Object-Augmented Schemas¶
This tutorial covers DataJoint's Object-Augmented Schema (OAS) model. You'll learn:
- The OAS concept — Unified relational + object storage
- Blobs — Storing arrays and Python objects
- Object storage — Scaling to large datasets
- Staged insert — Writing directly to object storage (Zarr, HDF5)
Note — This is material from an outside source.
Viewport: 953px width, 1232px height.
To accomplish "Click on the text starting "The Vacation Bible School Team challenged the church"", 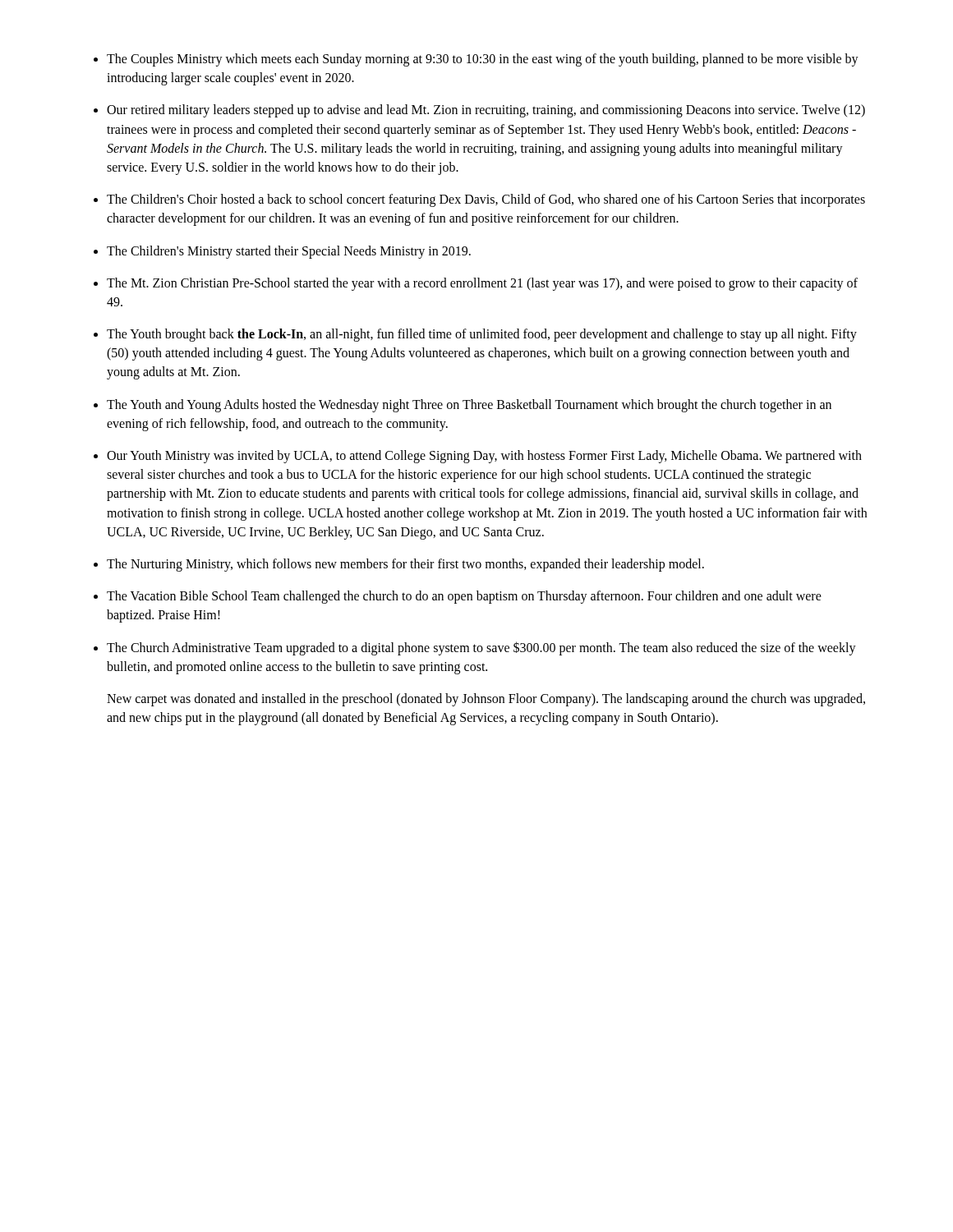I will [x=489, y=606].

- Attachments — Preserving file names and formats
- Codecs — How data is serialized and deserialized
In an Object-Augmented Schema, the relational database and object storage operate as a single integrated system—not as separate "internal" and "external" components.
import datajoint as dj
import numpy as np
schema = dj.Schema('tutorial_oas')
# Clean slate: drop existing schema if re-running
schema.drop(prompt=False)
schema = dj.Schema('tutorial_oas')
[2026-02-06 11:45:02] DataJoint 2.1.0 connected to datajoint@127.0.0.1:5432
The Object-Augmented Schema Model¶
Scientific data often combines:
- Structured metadata — Subjects, sessions, parameters (relational)
- Large data objects — Arrays, images, recordings (binary)
DataJoint's OAS model manages both as a unified system:
block-beta
columns 1
block:oas:1
columns 2
OAS["Object-Augmented Schema"]:2
block:db:1
DB["Relational Database"]
DB1["Metadata"]
DB2["Keys"]
DB3["Relationships"]
end
block:os:1
OS["Object Storage (S3/File/etc)"]
OS1["Large arrays"]
OS2["Images/videos"]
OS3["Recordings"]
end
end
From the user's perspective, this is one schema—storage location is transparent.
Blob Attributes¶
Use <blob> to store arbitrary Python objects:
@schema
class Recording(dj.Manual):
definition = """
recording_id : int32
---
metadata : <blob> # Dict, stored in database
waveform : <blob> # NumPy array, stored in database
"""
# Insert with blob data
Recording.insert1({
'recording_id': 1,
'metadata': {'channels': 32, 'sample_rate': 30000, 'duration': 60.0},
'waveform': np.random.randn(32, 30000) # 32 channels x 1 second
})
Recording()
| recording_id | metadata | waveform |
|---|---|---|
| 1 | <blob> | <blob> |
Total: 1
# Fetch blob data
data = (Recording & {'recording_id': 1}).fetch1()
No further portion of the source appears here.